×

Submission + - bandarqq (202.95.19.121)

amulos9gcv writes: High level dog fighters are no different than great deal gambling/poker free games. 4) Bear in mind you are playing to win and winning is is feasible. Therefore, Miami are worthy of to win by 3 points or more.

Feed Google News Sci Tech: Bystander in chief: Trump’s hands-off response to Hong Kong fits a pattern - The Washington Post (washingtonpost.com)

Feed Google News Sci Tech: Someone Should Probably Step In and Stop the Economy From Tumbling Into a Recession - Slate (slate.com)

Feed Google News Sci Tech: 'We will teach you a lesson': Pakistan PM Khan issues furious threat to India – video - The Guardian (theguardian.com)

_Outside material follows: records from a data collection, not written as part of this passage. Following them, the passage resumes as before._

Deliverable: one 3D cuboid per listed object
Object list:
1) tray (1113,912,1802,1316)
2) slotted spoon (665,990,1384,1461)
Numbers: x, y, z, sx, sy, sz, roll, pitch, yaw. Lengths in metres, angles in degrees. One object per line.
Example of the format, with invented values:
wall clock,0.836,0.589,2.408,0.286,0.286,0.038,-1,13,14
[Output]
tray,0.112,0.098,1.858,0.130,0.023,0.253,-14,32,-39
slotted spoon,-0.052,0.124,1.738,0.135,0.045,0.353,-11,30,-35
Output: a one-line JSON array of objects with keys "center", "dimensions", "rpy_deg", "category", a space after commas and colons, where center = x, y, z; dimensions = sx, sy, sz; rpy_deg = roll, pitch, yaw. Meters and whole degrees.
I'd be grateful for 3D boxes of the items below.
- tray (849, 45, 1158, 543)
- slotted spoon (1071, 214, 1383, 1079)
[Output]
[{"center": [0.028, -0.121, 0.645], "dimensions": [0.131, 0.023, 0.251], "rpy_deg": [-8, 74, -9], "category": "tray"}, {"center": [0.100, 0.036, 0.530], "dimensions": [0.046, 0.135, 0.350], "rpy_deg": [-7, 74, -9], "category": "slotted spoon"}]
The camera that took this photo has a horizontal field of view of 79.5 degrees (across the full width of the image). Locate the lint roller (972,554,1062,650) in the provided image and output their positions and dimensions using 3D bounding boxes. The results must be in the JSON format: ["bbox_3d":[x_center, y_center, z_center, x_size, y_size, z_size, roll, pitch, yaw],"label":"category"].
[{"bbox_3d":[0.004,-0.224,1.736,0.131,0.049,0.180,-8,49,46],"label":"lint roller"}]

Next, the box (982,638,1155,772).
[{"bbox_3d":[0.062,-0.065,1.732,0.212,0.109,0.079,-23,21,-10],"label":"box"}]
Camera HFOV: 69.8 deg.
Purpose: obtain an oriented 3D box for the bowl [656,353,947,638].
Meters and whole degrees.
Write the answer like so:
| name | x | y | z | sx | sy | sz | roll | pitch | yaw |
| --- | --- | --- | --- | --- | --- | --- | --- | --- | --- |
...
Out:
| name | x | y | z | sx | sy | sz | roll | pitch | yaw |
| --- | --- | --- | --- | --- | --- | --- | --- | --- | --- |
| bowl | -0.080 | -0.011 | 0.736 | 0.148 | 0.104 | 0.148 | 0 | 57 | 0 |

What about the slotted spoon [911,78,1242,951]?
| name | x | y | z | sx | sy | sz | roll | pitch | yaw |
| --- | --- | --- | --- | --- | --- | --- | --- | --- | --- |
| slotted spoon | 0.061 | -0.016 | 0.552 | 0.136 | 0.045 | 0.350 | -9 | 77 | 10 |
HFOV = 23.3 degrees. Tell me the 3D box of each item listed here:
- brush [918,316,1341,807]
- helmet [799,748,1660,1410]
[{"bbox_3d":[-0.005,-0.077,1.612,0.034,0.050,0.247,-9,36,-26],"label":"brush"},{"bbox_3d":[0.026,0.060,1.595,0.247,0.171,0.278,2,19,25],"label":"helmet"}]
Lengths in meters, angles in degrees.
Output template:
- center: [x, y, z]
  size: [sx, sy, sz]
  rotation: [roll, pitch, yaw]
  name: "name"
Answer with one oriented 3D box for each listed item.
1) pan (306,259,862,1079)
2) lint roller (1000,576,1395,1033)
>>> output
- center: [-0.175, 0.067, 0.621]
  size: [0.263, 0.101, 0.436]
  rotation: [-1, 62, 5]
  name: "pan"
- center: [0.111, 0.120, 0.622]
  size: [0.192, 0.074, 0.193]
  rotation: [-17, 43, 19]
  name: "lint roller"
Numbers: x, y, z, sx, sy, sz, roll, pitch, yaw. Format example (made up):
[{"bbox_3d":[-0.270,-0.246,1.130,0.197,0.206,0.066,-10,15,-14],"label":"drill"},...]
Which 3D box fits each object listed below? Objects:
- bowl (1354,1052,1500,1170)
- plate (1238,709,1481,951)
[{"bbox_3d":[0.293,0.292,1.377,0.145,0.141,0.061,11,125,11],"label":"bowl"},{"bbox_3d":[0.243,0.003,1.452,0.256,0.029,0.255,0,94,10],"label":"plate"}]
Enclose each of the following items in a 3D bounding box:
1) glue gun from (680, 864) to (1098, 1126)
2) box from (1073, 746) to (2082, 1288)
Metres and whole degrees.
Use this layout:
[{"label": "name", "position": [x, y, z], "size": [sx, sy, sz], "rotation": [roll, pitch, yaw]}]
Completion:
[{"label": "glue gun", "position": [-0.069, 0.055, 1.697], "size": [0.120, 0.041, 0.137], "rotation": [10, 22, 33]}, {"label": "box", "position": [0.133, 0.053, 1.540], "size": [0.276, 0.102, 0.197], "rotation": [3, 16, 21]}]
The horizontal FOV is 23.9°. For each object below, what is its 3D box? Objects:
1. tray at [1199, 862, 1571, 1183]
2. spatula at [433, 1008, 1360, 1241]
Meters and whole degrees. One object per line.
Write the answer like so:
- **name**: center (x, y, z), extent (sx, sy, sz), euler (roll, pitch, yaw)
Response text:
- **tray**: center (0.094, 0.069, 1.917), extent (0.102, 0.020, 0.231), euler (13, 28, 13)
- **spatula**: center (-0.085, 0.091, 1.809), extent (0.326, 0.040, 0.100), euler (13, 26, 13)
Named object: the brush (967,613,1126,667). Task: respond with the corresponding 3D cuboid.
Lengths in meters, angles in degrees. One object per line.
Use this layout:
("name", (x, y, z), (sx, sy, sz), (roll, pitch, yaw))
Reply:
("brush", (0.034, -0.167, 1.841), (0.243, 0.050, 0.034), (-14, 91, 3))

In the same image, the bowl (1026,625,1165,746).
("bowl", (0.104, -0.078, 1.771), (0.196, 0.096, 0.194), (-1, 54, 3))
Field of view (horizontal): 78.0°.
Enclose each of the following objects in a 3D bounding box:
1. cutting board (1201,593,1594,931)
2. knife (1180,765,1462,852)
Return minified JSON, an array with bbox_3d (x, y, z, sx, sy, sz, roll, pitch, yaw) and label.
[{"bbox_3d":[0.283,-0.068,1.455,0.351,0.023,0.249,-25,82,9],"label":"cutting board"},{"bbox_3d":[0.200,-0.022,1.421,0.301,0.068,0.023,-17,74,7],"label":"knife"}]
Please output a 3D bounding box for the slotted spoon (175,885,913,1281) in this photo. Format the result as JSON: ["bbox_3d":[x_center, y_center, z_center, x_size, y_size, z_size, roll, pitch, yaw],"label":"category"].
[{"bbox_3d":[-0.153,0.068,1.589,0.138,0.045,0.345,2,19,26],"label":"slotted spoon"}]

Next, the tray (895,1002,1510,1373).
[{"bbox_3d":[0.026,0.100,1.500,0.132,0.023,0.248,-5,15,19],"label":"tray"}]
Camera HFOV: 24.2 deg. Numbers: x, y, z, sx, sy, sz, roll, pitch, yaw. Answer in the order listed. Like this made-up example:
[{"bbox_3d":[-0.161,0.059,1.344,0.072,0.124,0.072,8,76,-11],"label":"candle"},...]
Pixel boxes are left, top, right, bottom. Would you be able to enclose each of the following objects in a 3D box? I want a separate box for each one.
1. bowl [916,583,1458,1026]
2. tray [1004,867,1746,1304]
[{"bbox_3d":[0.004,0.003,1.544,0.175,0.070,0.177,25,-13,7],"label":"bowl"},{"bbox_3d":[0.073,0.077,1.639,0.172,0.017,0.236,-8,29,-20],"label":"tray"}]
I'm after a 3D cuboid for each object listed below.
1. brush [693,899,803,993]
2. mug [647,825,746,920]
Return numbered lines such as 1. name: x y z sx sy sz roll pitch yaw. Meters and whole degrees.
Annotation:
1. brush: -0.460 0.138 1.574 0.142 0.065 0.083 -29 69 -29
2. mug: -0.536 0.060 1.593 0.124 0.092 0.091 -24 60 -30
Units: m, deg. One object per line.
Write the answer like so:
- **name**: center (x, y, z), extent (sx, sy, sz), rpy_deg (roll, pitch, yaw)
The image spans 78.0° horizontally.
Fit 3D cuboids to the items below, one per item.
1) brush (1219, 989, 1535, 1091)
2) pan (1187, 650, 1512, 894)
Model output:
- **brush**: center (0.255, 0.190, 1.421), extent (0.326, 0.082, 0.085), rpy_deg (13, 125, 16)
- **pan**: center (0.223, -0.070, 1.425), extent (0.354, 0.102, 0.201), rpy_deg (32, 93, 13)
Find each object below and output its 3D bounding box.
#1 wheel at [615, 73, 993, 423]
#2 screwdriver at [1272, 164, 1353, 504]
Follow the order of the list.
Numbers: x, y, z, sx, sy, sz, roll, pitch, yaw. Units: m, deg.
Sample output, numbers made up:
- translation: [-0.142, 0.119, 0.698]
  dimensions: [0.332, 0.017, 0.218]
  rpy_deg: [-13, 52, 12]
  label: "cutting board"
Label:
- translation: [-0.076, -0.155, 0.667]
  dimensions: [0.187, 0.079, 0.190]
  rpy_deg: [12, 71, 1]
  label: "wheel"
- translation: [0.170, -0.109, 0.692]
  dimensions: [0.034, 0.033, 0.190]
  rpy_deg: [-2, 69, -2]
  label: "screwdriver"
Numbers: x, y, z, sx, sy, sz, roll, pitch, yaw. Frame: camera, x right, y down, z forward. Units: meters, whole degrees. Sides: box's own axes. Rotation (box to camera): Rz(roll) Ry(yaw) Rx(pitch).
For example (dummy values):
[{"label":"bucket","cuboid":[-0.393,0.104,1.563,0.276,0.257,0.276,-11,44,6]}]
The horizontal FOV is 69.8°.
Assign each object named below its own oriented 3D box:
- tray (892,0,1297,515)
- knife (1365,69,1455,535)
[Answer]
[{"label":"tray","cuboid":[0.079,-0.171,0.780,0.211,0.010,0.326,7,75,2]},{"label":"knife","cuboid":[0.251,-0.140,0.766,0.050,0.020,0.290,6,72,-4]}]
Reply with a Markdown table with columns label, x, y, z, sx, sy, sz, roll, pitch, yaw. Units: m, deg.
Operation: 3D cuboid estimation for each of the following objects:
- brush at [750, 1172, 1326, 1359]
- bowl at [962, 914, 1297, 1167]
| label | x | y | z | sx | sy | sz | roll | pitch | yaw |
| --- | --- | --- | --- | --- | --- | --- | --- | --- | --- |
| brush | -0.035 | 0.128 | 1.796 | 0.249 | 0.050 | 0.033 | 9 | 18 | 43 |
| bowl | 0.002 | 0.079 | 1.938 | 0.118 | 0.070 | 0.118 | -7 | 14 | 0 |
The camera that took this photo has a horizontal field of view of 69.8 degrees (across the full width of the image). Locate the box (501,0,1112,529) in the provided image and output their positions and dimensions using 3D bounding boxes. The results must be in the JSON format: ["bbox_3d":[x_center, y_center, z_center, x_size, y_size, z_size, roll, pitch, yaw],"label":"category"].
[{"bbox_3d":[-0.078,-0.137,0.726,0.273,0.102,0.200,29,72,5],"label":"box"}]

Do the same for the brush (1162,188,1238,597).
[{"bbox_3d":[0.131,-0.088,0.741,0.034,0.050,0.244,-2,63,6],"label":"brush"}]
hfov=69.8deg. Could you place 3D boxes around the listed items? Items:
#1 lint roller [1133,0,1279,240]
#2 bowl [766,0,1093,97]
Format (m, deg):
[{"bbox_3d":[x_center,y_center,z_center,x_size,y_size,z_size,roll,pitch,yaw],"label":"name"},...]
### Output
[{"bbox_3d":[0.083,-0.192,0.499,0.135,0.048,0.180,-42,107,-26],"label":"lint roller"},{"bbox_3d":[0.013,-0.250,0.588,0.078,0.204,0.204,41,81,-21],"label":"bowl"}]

Feed Google News Sci Tech: Humans are listening to some of your Skype calls and Cortana interactions - TechRadar (techradar.com)

Submission + - Today's Leading Fingernail Polishes Which Can Be L (sendspace.com)

Barker44Holden writes: A lot of people think that either you possess splendor or you may not. That's not correct! This article can help you find your beautiful traits. Beauty is far more that simply the exterior visual appeal the individuality must be appealing as well.Utilize Vaseline in your cuticles weekly. This can assist in nail expansion. It will increase their look. You'll observe that the look increases the instant you get it done.To get fuller mouth, work with a bright white eyeshadow with shimmer just over your cupid's bow. The slight shimmer on your own top rated lip can give the appearance of an entire h

Feed Google News Sci Tech: Apple's 2019 iPhones will all come out in September, analyst predicts - CNET (cnet.com)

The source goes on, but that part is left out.